Where in the material does the word "bound" appear? Copy each line that has it.

Segment Open

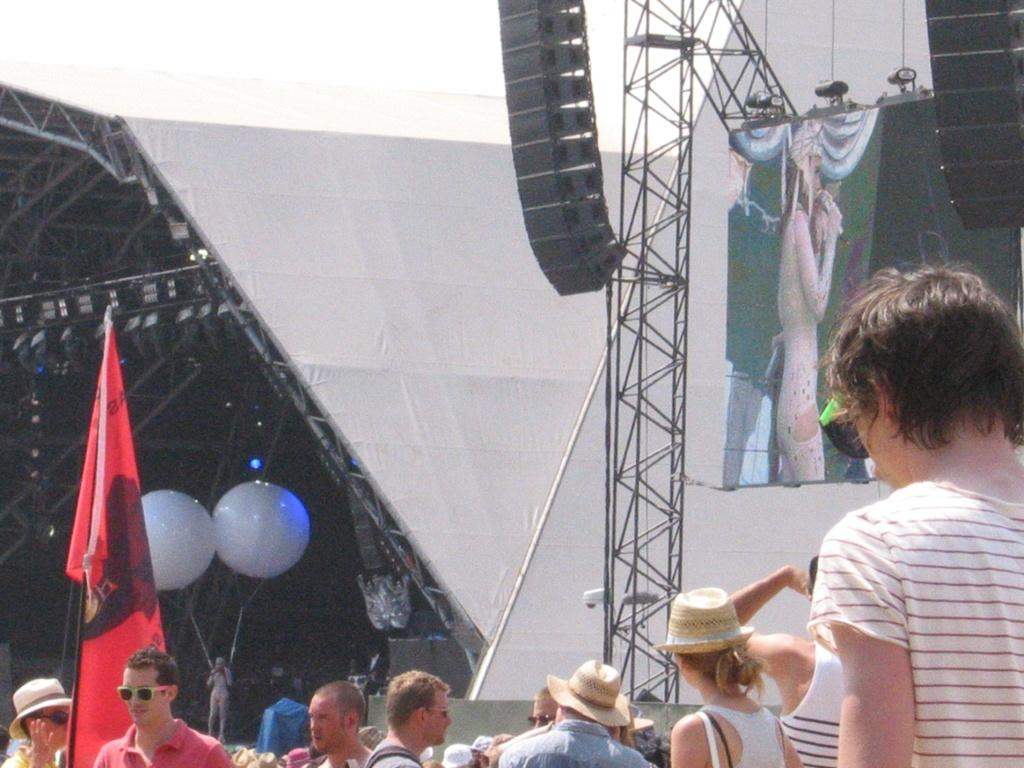How many people are in the group in the image? There is a group of people in the image, but the exact number is not specified. What protective gear are some people wearing in the group? Some people in the group are wearing goggles. What headgear are some people wearing in the group? Some people in the group are wearing caps. What decorative items can be seen in the image? There are flags, balloons, and lights in the image. What equipment can be seen in the image? There are rods in the image. What additional objects can be seen in the image? There are other objects in the image, but their specific nature is not described. What type of lip balm is being used by the person with the knee injury in the image? There is no mention of a person with a knee injury or lip balm in the image. 
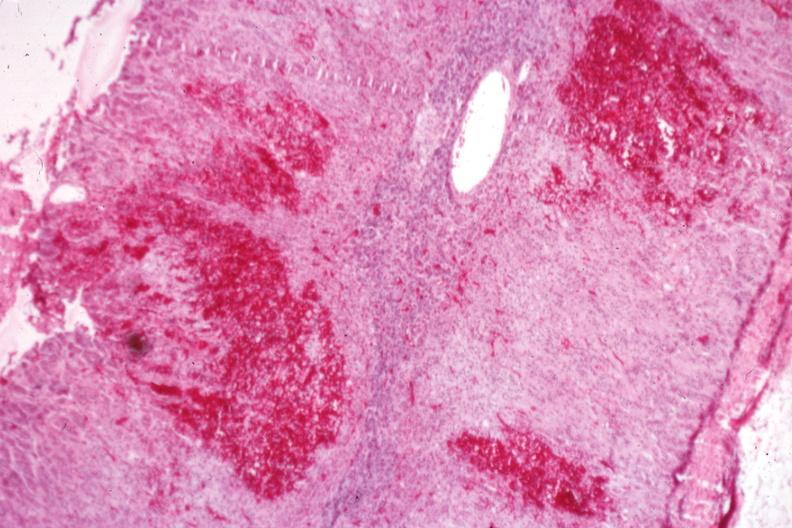where is this part in the figure?
Answer the question using a single word or phrase. Endocrine system 
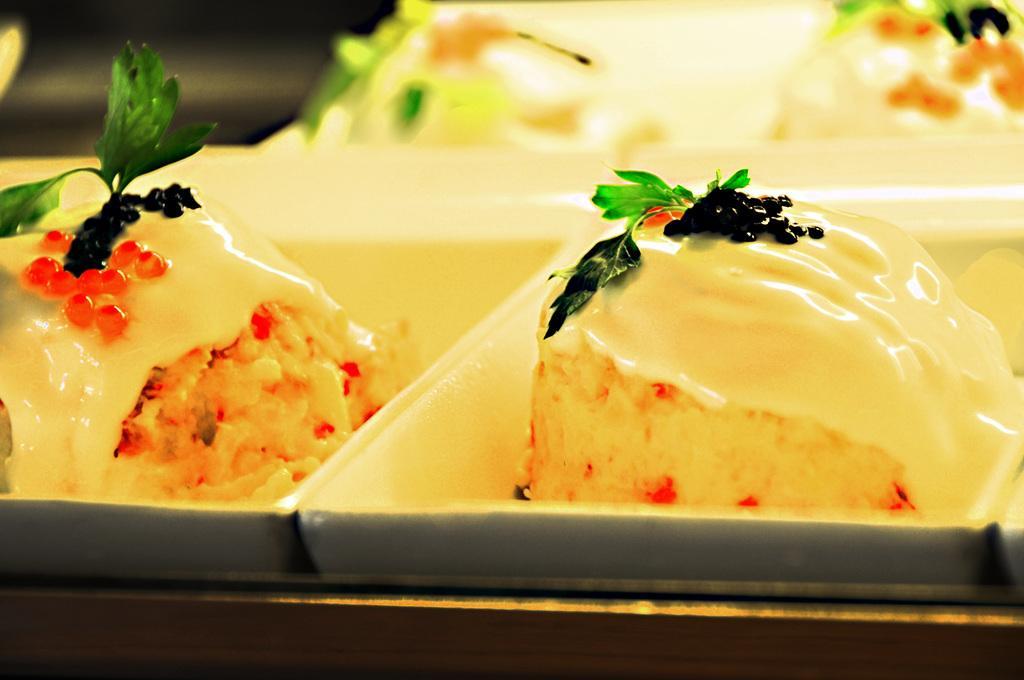Please provide a concise description of this image. In this image I can see food items placed on a tray. These food items are garnished with the leaves. The background is blurred. 
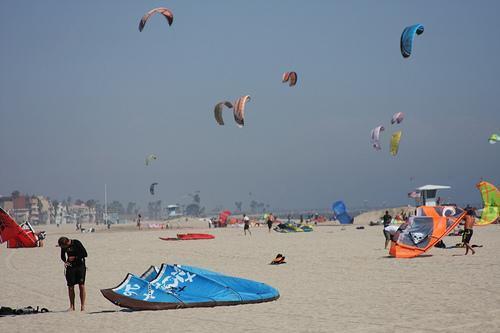How many kites are in the picture?
Give a very brief answer. 2. How many zebras are standing?
Give a very brief answer. 0. 
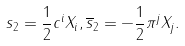<formula> <loc_0><loc_0><loc_500><loc_500>s _ { 2 } = \frac { 1 } { 2 } c ^ { i } X _ { i } , \overline { s } _ { 2 } = - \frac { 1 } { 2 } \pi ^ { j } X _ { j } .</formula> 
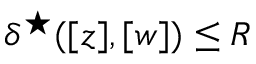Convert formula to latex. <formula><loc_0><loc_0><loc_500><loc_500>{ \delta ^ { ^ { * } } ( [ z ] , [ w ] ) \leq R }</formula> 
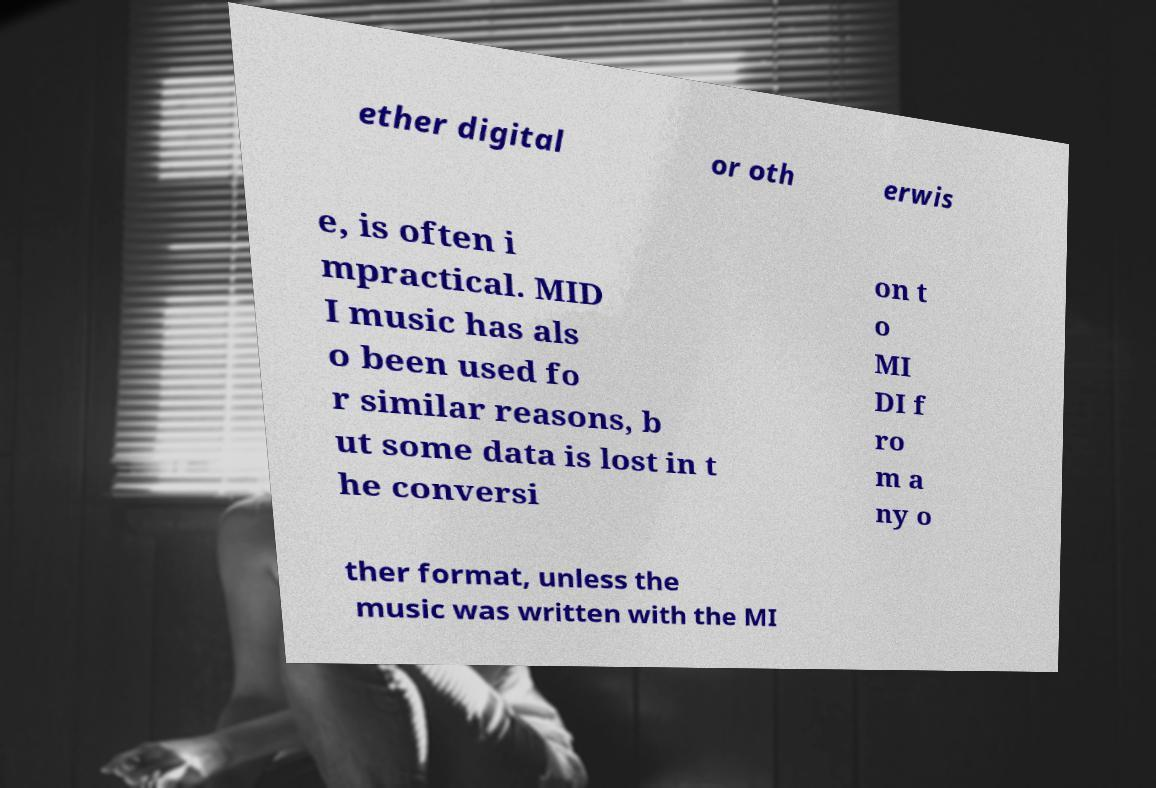For documentation purposes, I need the text within this image transcribed. Could you provide that? ether digital or oth erwis e, is often i mpractical. MID I music has als o been used fo r similar reasons, b ut some data is lost in t he conversi on t o MI DI f ro m a ny o ther format, unless the music was written with the MI 
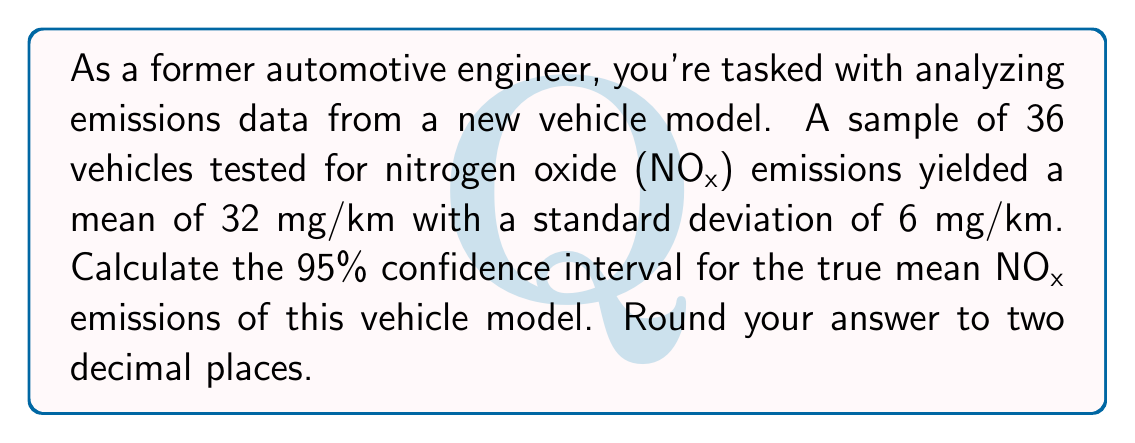Could you help me with this problem? Let's approach this step-by-step:

1) We're given:
   - Sample size: $n = 36$
   - Sample mean: $\bar{x} = 32$ mg/km
   - Sample standard deviation: $s = 6$ mg/km
   - Confidence level: 95%

2) The formula for the confidence interval is:

   $$\bar{x} \pm t_{\alpha/2} \cdot \frac{s}{\sqrt{n}}$$

   where $t_{\alpha/2}$ is the t-value for a 95% confidence interval with $n-1$ degrees of freedom.

3) For a 95% confidence interval, $\alpha = 0.05$, and $\alpha/2 = 0.025$.

4) With 35 degrees of freedom (36 - 1), we can look up or calculate that $t_{0.025} = 2.0301$.

5) Now, let's calculate the margin of error:

   $$\text{Margin of Error} = t_{\alpha/2} \cdot \frac{s}{\sqrt{n}} = 2.0301 \cdot \frac{6}{\sqrt{36}} = 2.0301 \cdot 1 = 2.0301$$

6) Therefore, the confidence interval is:

   $$32 \pm 2.0301$$

7) This gives us:
   Lower bound: $32 - 2.0301 = 29.9699$
   Upper bound: $32 + 2.0301 = 34.0301$

8) Rounding to two decimal places:
   $$(29.97, 34.03)$$
Answer: (29.97, 34.03) mg/km 
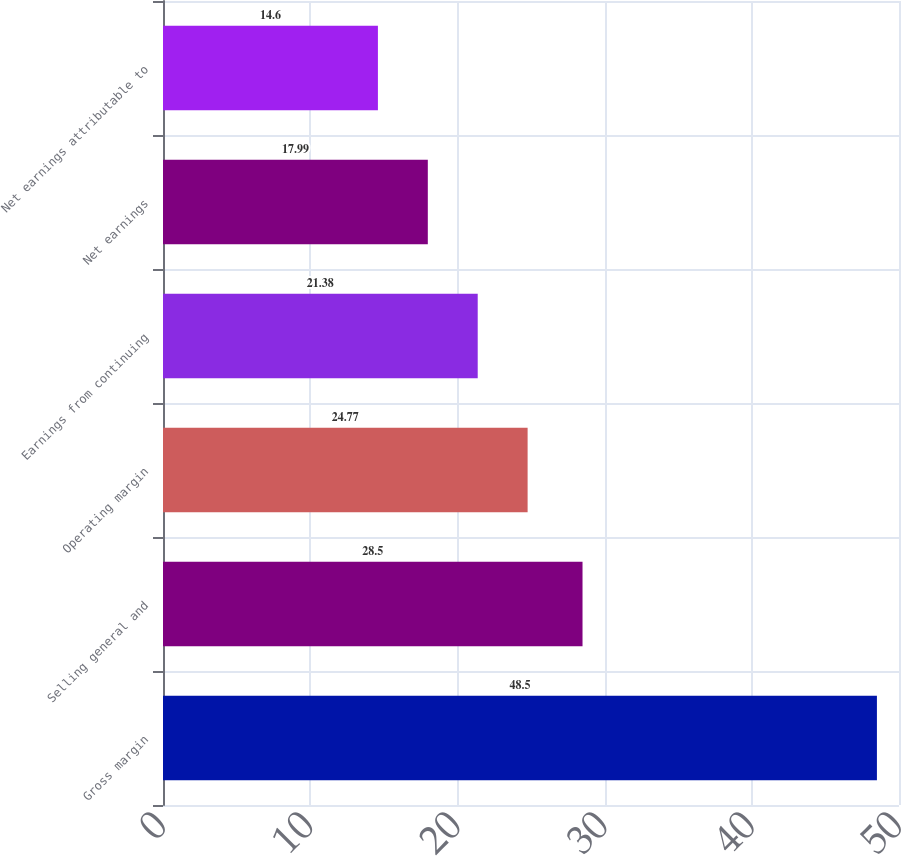Convert chart to OTSL. <chart><loc_0><loc_0><loc_500><loc_500><bar_chart><fcel>Gross margin<fcel>Selling general and<fcel>Operating margin<fcel>Earnings from continuing<fcel>Net earnings<fcel>Net earnings attributable to<nl><fcel>48.5<fcel>28.5<fcel>24.77<fcel>21.38<fcel>17.99<fcel>14.6<nl></chart> 
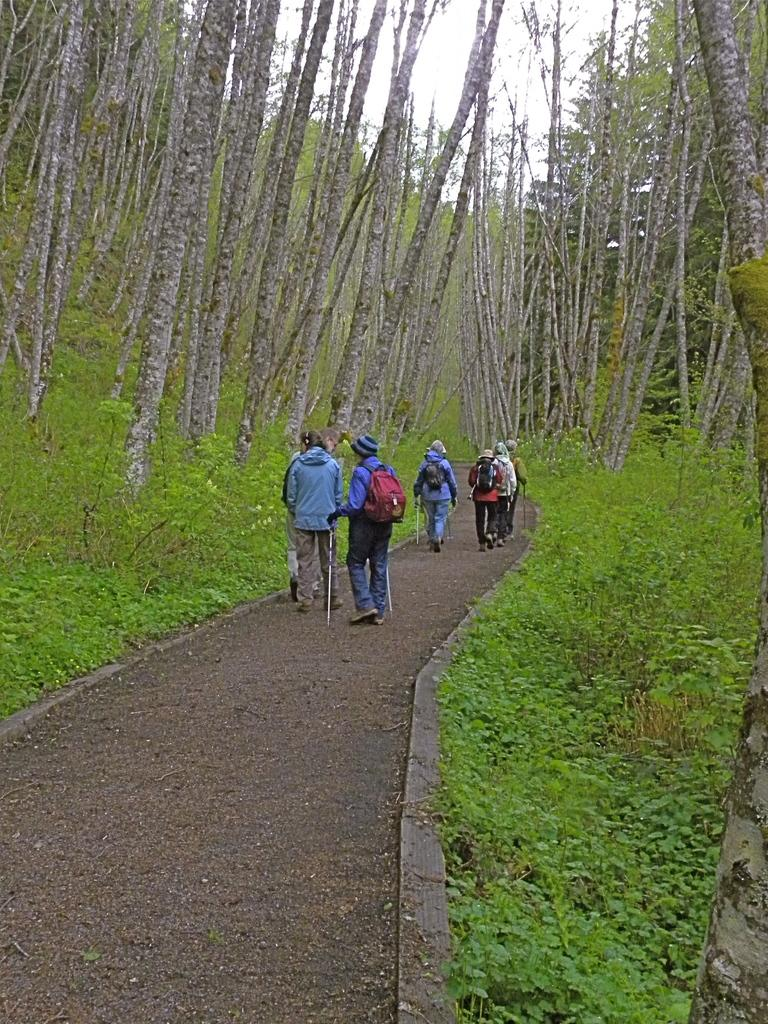How many people are in the image? There are people in the image, but the exact number is not specified. What are the people carrying on their backs? The people are wearing backpacks. What are the people holding in their hands? The people are holding two sticks. What are the people doing in the image? The people are walking along a pathway. What type of vegetation can be seen in the image? There are small bushes and plants, as well as tall trees beside the pathway. What type of lettuce is growing in the zoo in the image? There is no lettuce or zoo present in the image; it features people walking along a pathway with backpacks and sticks, surrounded by small bushes, plants, and tall trees.

Segment Closed

- [Answer box]
   Lower bound: $32 - 2.0301 = 29.9699$
   Upper bound: $32 + 2.0301 = 34.0301$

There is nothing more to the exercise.